AMENDMENTS TO MIC STATUTE WOULD OVERTURN PRO-TAXPAYER RULINGS

By Chris Micheli

Amendments being drafted for the manufacturers’ investment credit (MIC) statute would have the effect of overturning decisions of the State Board of Equalization that favor taxpayers. The amendments were before the Senate Revenue and Taxation Committee’s April 30 informational hearing on the MIC.

As such, these amendments, if enacted into law, would overturn the taxpayers’ victories in the SaveMart Supermarkets, Bronco Wine Company, California Steel Industries, and Baxter Healthcare MIC appeals.  The only one not affected is Milpitas Materials, which the taxpayer won on a 5-0 vote that prevents bifurcation of MIC assets.

These amendments are quite substantive in nature.  Below is replicated the description of the amendments used by the Senate Revenue and Taxation Committee’s analysis, as well as the Legislative Counsel, and then an examination of the actual language of the amendments as drafted to SB 616 (Cedillo).

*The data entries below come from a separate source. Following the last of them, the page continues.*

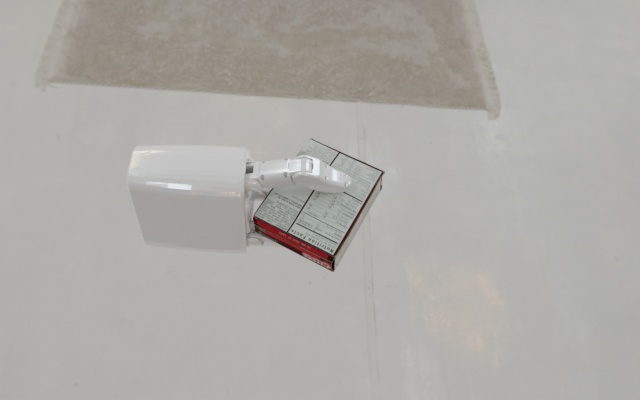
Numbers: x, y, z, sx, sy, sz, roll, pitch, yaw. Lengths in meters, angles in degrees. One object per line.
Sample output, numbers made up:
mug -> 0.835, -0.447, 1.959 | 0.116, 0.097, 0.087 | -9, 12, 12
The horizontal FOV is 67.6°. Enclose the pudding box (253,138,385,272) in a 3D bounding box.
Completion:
pudding box -> 0.000, 0.001, 0.474 | 0.090, 0.113, 0.039 | 26, -26, 13
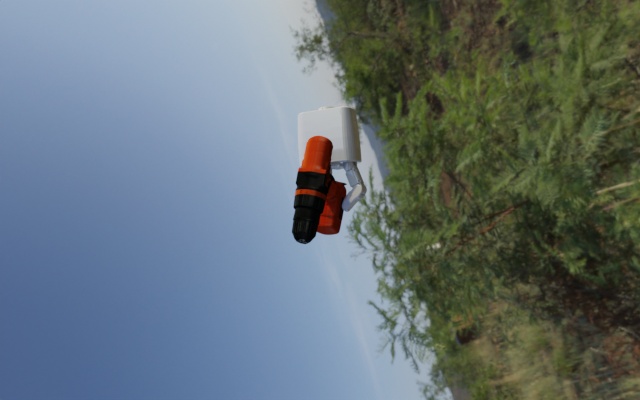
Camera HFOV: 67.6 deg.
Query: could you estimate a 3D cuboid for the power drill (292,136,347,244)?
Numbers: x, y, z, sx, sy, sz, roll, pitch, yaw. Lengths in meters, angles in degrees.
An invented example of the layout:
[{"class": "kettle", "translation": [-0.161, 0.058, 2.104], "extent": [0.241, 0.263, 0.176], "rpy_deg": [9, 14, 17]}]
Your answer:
[{"class": "power drill", "translation": [0.000, 0.003, 0.845], "extent": [0.057, 0.184, 0.188], "rpy_deg": [8, -17, 13]}]
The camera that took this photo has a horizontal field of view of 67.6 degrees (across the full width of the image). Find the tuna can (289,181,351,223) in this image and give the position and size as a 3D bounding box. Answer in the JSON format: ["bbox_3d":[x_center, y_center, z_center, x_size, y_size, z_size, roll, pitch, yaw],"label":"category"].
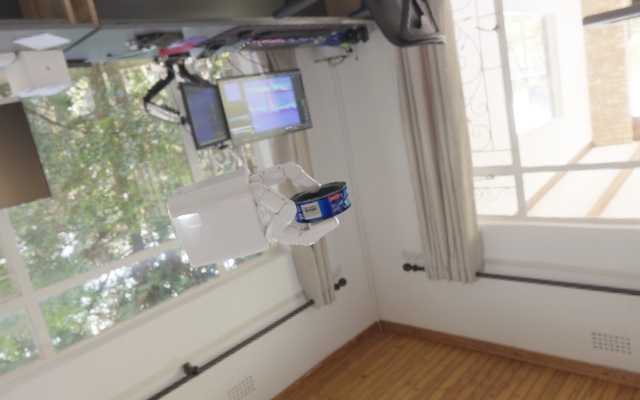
[{"bbox_3d":[0.000,0.003,0.681,0.086,0.034,0.086,-17,12,4],"label":"tuna can"}]
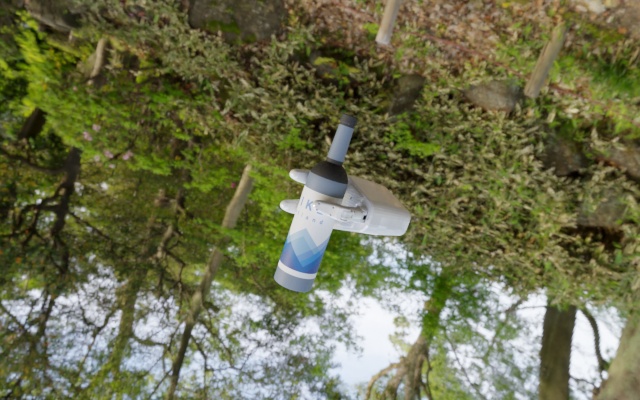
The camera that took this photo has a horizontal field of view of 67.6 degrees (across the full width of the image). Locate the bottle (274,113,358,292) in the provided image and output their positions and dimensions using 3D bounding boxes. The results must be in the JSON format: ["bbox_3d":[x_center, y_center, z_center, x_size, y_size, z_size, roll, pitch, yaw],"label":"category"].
[{"bbox_3d":[0.000,0.003,0.783,0.069,0.296,0.069,18,10,-3],"label":"bottle"}]
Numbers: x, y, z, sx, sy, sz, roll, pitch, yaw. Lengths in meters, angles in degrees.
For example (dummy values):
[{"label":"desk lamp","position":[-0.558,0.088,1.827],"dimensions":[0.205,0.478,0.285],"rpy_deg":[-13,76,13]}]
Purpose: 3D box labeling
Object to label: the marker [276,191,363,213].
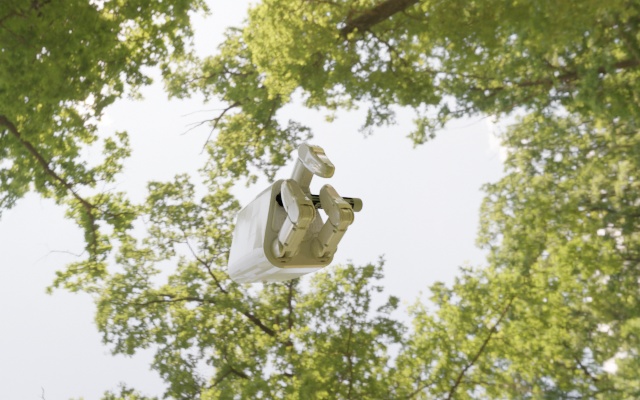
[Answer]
[{"label":"marker","position":[0.000,0.002,0.572],"dimensions":[0.121,0.020,0.020],"rpy_deg":[5,-3,-36]}]
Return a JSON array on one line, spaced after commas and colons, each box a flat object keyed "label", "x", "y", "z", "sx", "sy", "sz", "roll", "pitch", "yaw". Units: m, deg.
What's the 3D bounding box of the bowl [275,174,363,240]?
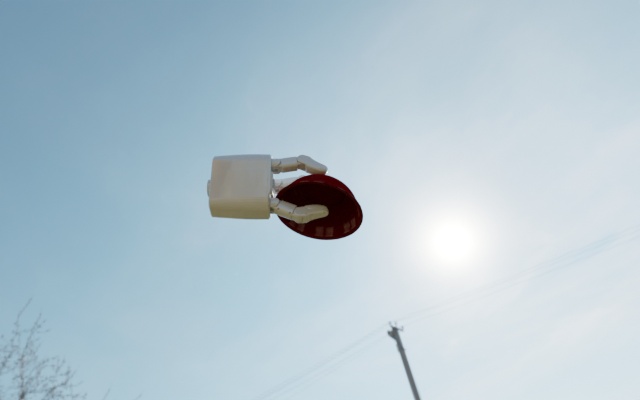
[{"label": "bowl", "x": 0.001, "y": 0.003, "z": 0.866, "sx": 0.162, "sy": 0.055, "sz": 0.162, "roll": 8, "pitch": -40, "yaw": 7}]
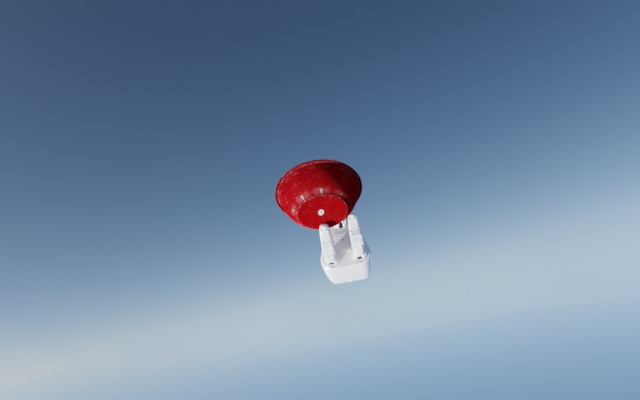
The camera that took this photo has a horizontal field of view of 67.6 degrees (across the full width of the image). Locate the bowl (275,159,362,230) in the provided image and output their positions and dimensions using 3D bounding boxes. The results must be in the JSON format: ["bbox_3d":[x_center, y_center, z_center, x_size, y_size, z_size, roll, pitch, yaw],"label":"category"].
[{"bbox_3d":[0.000,0.002,0.861,0.162,0.055,0.162,-5,-43,-5],"label":"bowl"}]
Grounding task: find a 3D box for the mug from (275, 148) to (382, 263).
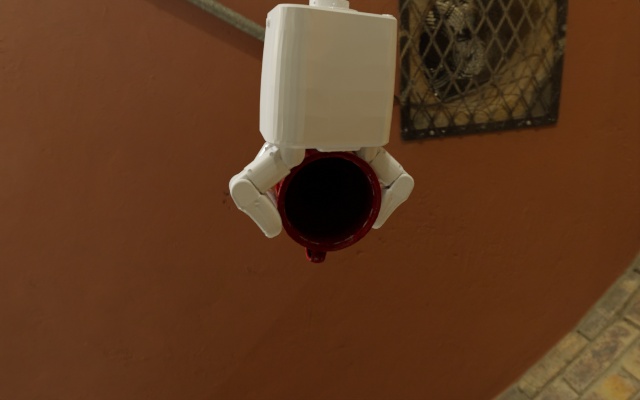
[{"bbox_3d":[0.000,0.003,0.455,0.093,0.117,0.081,1,17,-12],"label":"mug"}]
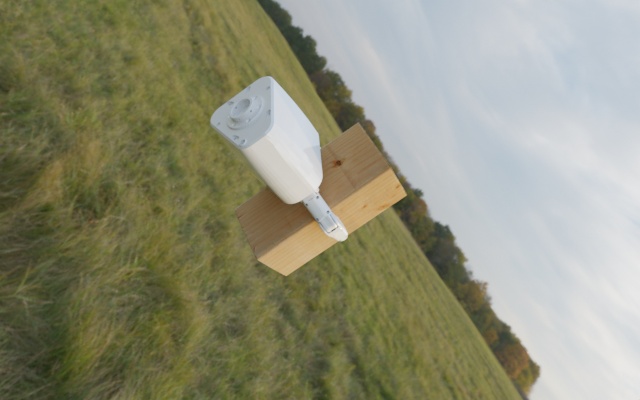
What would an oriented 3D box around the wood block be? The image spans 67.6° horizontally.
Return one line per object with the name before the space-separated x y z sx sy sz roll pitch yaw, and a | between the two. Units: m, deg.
wood block | 0.000 0.002 0.653 0.206 0.090 0.090 -34 -32 7
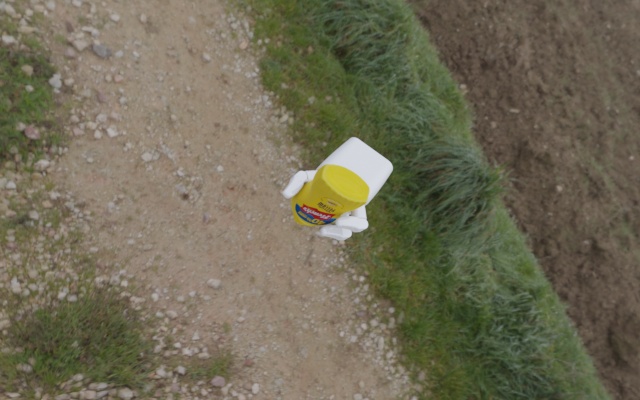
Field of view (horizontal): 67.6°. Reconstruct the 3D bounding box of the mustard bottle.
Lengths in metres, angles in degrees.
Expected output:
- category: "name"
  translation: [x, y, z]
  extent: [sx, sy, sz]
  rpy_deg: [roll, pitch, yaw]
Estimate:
- category: "mustard bottle"
  translation: [0.000, 0.003, 0.872]
  extent: [0.096, 0.058, 0.192]
  rpy_deg: [26, -31, -19]
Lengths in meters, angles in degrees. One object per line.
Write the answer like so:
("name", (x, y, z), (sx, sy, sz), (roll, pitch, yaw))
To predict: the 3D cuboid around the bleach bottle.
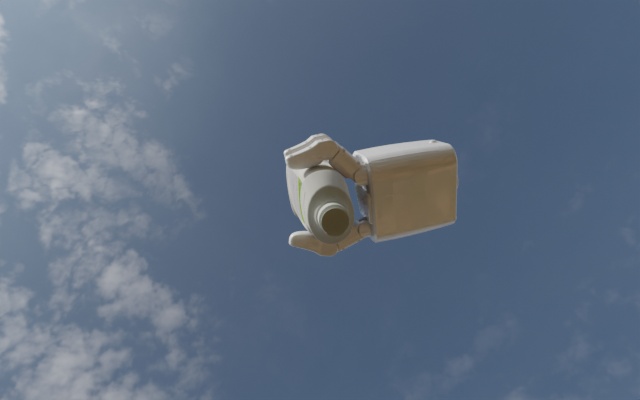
("bleach bottle", (0.000, 0.002, 0.584), (0.068, 0.102, 0.250), (-11, 14, -5))
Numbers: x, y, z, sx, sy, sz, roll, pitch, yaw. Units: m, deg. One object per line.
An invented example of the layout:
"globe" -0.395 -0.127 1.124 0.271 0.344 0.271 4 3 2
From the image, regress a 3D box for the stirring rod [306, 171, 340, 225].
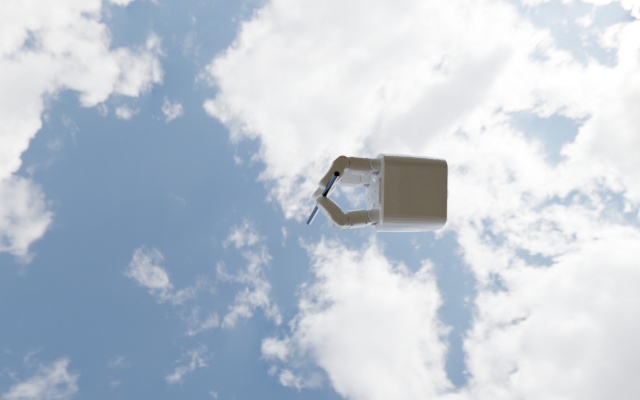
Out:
"stirring rod" 0.000 0.002 0.737 0.011 0.011 0.240 0 -18 -11

The committee’s explanation of the purpose of these amendments is as follows:  “In recent years, the Board of Equalization has acted to substantially broaden the application of the MIC – arguably beyond what was intended by the Legislature when the MIC was enacted.  The attached amendments would narrow the MIC with respect to":

·        Definition of a qualified taxpayer (by providing that a taxpayer must be engaged in a line of business “classified in,” rather than “described in,” a qualified Standard Industrial Classification code activity);

·        Refer to Internal Revenue Code Section 1245(a)(3)(A), rather than 1245(a) (so as to clarify that qualifying property must be tangible personal property, rather than fixtures such as wine tanks);

·        Provide that the MIC is to be narrowly construed by the Board of Equalization, rather than expansively construed;

·        Limit capitalized labor cost of third-party construction contractors to 50 percent of cost (to eliminate MIC applying to indirect labor costs when labor is provided by third-party contractors);

·        Clarify legislative intent that qualified property must not only be used in a specified activity (manufacturing, R&D, etc.), but must also be used in the qualified SIC code activity of the taxpayer;

·        Clarify that the MIC would only apply to a portion of a building that qualifies as a “special purpose,” and not to the entire building.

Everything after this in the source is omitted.